A signed query is a specialized eth_call where the caller signature populates msg.sender inside a view function. The mechanism is:

  1. Client constructs the call data.
  2. Client encrypts under a session key.
  3. Client attaches a signature over the encrypted payload with their EVM private key.
  4. Client submits via eth_call with a specially-marked envelope.
  5. Enclave verifies the signature, sets msg.sender, executes.

SDKs handle steps 2–4 transparently.
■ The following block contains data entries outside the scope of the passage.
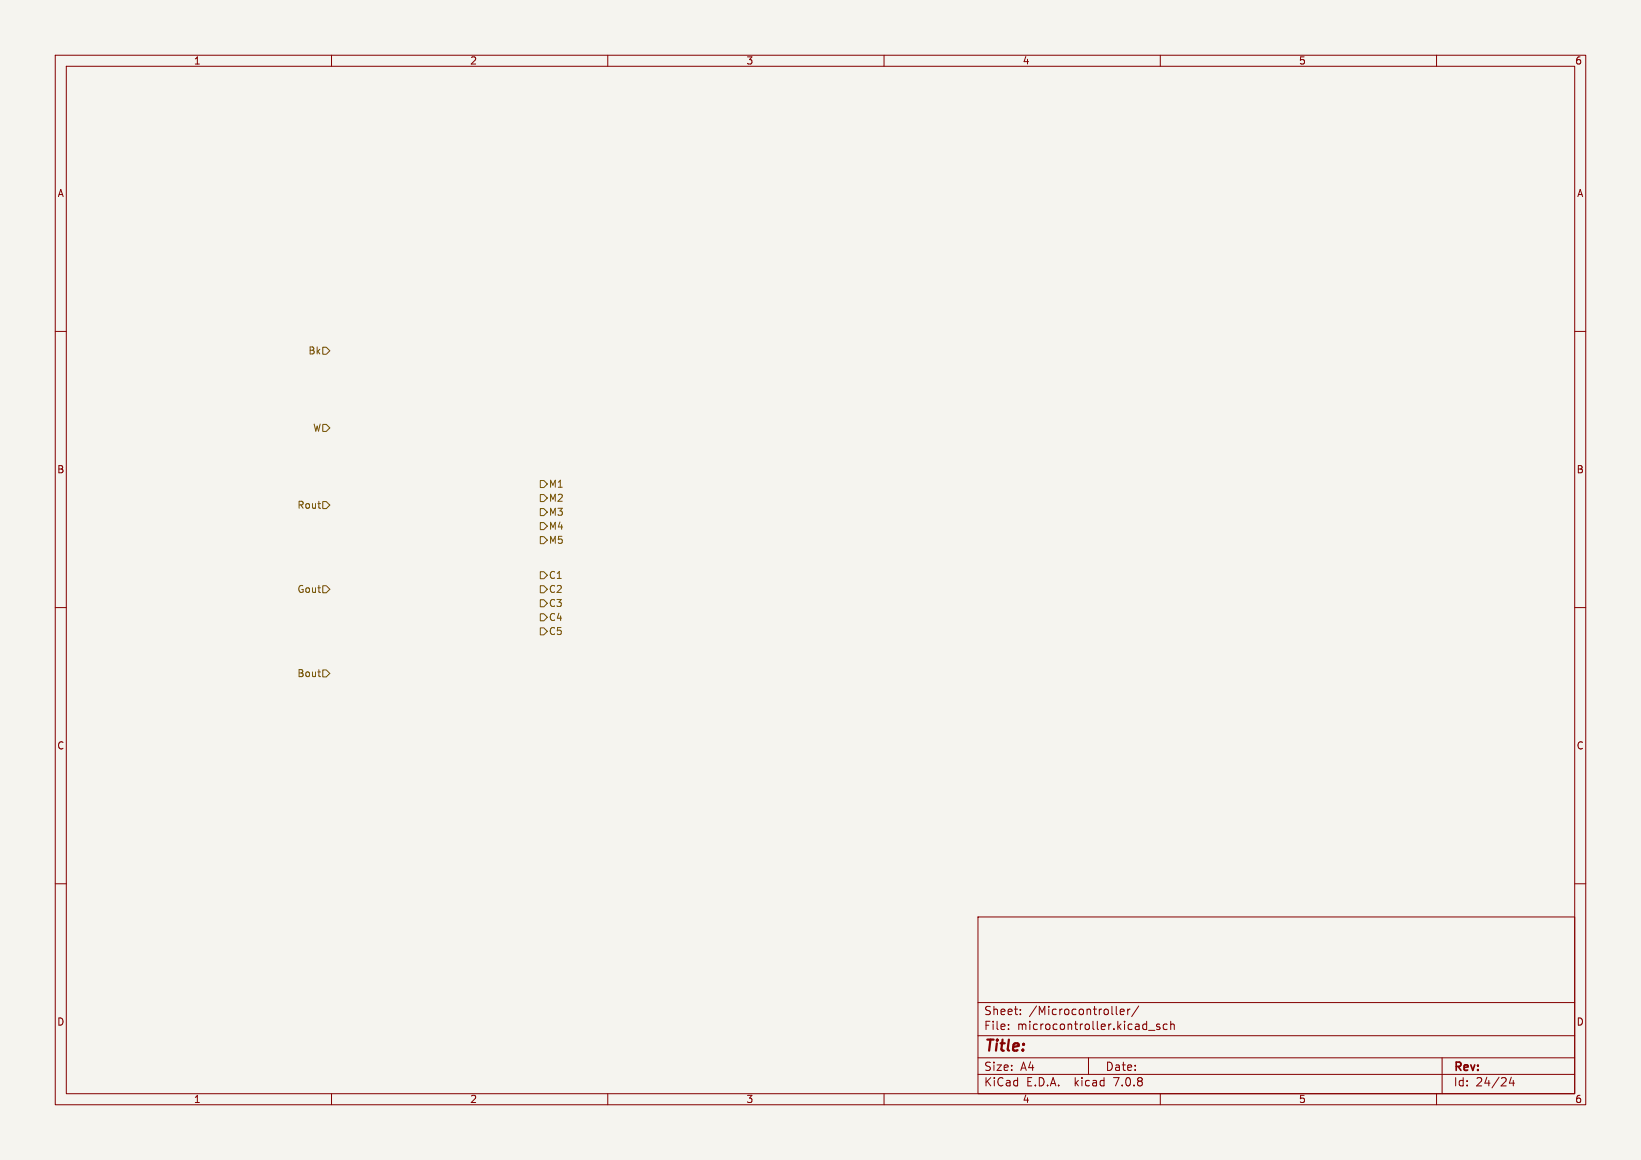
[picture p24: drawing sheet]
<svg xmlns="http://www.w3.org/2000/svg" width="297mm" height="210mm" viewBox="0 0 297 210" stroke-linecap="round" stroke-linejoin="round" font-family="sans-serif">
<defs><g id="words">
<text font-size="2.8" fill="#840000" x="178" y="190.9">Title:</text>
<g font-size="2.1" fill="#840000">
<text x="178" y="184">Sheet:</text>
<text x="186.2" y="184">/Microcontroller/</text>
<text x="178" y="186.7">File:</text>
<text x="184.1" y="186.7">microcontroller.kicad_sch</text>
<text x="178" y="196.9">KiCad</text>
<text x="178" y="194.1">Size:</text>
<text x="184.7" y="194.1">A4</text>
<text x="185.7" y="196.9">E.D.A.</text>
<text x="194.6" y="196.9">kicad</text>
<text x="200" y="194.1">Date:</text>
<text x="201.8" y="196.9">7.0.8</text>
<text x="263" y="194.3">Rev:</text>
<text x="263" y="196.9">Id:</text>
<text x="267.1" y="196.9">24/24</text>
</g>
<g font-size="1.8" fill="#840000">
<text x="35" y="11.9">1</text>
<text x="85" y="11.9">2</text>
<text x="135" y="11.9">3</text>
<text x="185" y="11.9">4</text>
<text x="235" y="11.9">5</text>
<text x="285" y="11.9">6</text>
<text x="10.3" y="35.9">A</text>
<text x="285.3" y="35.9">A</text>
<text x="10.3" y="85.9">B</text>
<text x="285.3" y="85.9">B</text>
<text x="10.3" y="135.9">C</text>
<text x="285.3" y="135.9">C</text>
<text x="10.3" y="185.9">D</text>
<text x="285.3" y="185.9">D</text>
<text x="35" y="199.9">1</text>
<text x="85" y="199.9">2</text>
<text x="135" y="199.9">3</text>
<text x="185" y="199.9">4</text>
<text x="235" y="199.9">5</text>
<text x="285" y="199.9">6</text>
</g>
<g font-size="1.8" fill="#725600">
<text x="55.7" y="64.4">Bk</text>
<text x="56.6" y="78.3">W</text>
<text x="99.3" y="88.5">M1</text>
<text x="53.7" y="92.3">Rout</text>
<text x="99.3" y="91">M2</text>
<text x="99.3" y="93.6">M3</text>
<text x="99.3" y="98.7">M5</text>
<text x="99.3" y="96.1">M4</text>
<text x="53.7" y="107.5">Gout</text>
<text x="99.3" y="105">C1</text>
<text x="99.3" y="107.5">C2</text>
<text x="99.3" y="112.6">C4</text>
<text x="99.3" y="110.1">C3</text>
<text x="99.3" y="115.2">C5</text>
<text x="53.7" y="122.8">Bout</text>
</g>
</g></defs>
<path d="M0 0h297v210h-297z" fill="#f5f4ef" stroke="#f5f4ef" stroke-width=".18"/>
<g fill="none" stroke="#840000" stroke-width=".18">
<path d="M10 10h277v190h-277zM12 12h273v186h-273zM60 10v2M110 10v2M160 10v2M210 10v2M260 10v2M10 60h2M285 60h2M10 110h2M285 110h2M10 160h2"/>
<path d="M285 160h2M177 166h108v32h-108zM60 198v2M110 198v2M160 198v2M177 194.5h108M177 191.5h108M177 187.5h108M177 181.5h108M182.5 186.3v.1M182.5 185.5v.1M184.7 183.6v.1"/>
<path d="M184.7 182.8v.1M197 191.5v3M202 182.2v1.3l.2 .2M202.7 183.2l.8-.1-.1-.3-.4-.1-.3 .2 .1 .7h.6M204.1 182.7v1M204.5 182.7l-.3 .1-.1 .2M206.1 182.1l-1.3 2M207.9 186.5h1.1M209.9 185.5l-.4-.1-.2 .2 .1 .2 .5 .2v.3h-.6M210 198v2M211.2 185.5l-.4-.1-.3 .3v.4l.2 .2h.5M211.9 185.5l.2-.1 .4 .1v.9"/>
<path d="M211.9 184.9v1.5M260 198v2M261 191.5v6.5M273.5 195l-.3 1.1h.9M273.9 195.6v1"/>
</g>
<g fill="none" stroke="#725600" stroke-width=".18">
<path d="M58.4 76.8h.7l.6 .7-.6 .6h-.7zM58.4 62.9h.7l.6 .6-.6 .6h-.7zM58.4 90.8h.7l.6 .6-.6 .7h-.7zM97.8 97.2h.6l.7 .6-.7 .6h-.6zM97.8 89.5h.6l.7 .7-.7 .6h-.6zM97.8 87h.6l.7 .6-.7 .7h-.6zM97.8 94.6h.6l.7 .7-.7 .6h-.6zM97.8 92.1h.6l.7 .6-.7 .6h-.6zM58.4 106h.7l.6 .7-.6 .6h-.7zM97.8 103.5h.6l.7 .6-.7 .7h-.6zM97.8 111.1h.6l.7 .7-.7 .6h-.6zM97.8 113.7h.6l.7 .6-.7 .6h-.6z"/>
<path d="M97.8 106h.6l.7 .7-.7 .6h-.6zM97.8 108.6h.6l.7 .6-.7 .7h-.6zM57.5 121.7h.5M57.9 122.5h.1M58.4 121.3h.7l.6 .6-.6 .7h-.7z"/>
</g>
<use href="#words"/>
</svg>

The raw wire format uses the same eth_call method — signed queries are identified by envelope structure.

Attestation and enclave info

Methods that return the current enclave's attestation quote (for clients that want to verify TEE guarantees directly) may be exposed. These are optional for most application development.

Consensus-layer methods

Operations on the native oxn1… address space go through consensus-layer JSON-RPC endpoints (a separate namespace). These are used by the OXN Web Wallet's deposit/withdraw flow and by validator tooling. Application-level dApps typically do not need these; if you do, see the Oasis SDK documentation.

Batch and pipeline patterns

For heavy read workloads, batch requests where possible:

[
{ "jsonrpc": "2.0", "method": "eth_getBlockByNumber", "params": ["latest", false], "id": 1 },
{ "jsonrpc": "2.0", "method": "eth_gasPrice", "params": [], "id": 2 },
{ "jsonrpc": "2.0", "method": "eth_getBalance", "params": ["0x...", "latest"], "id": 3 }
]

Batching amortizes TLS handshake and connection overhead.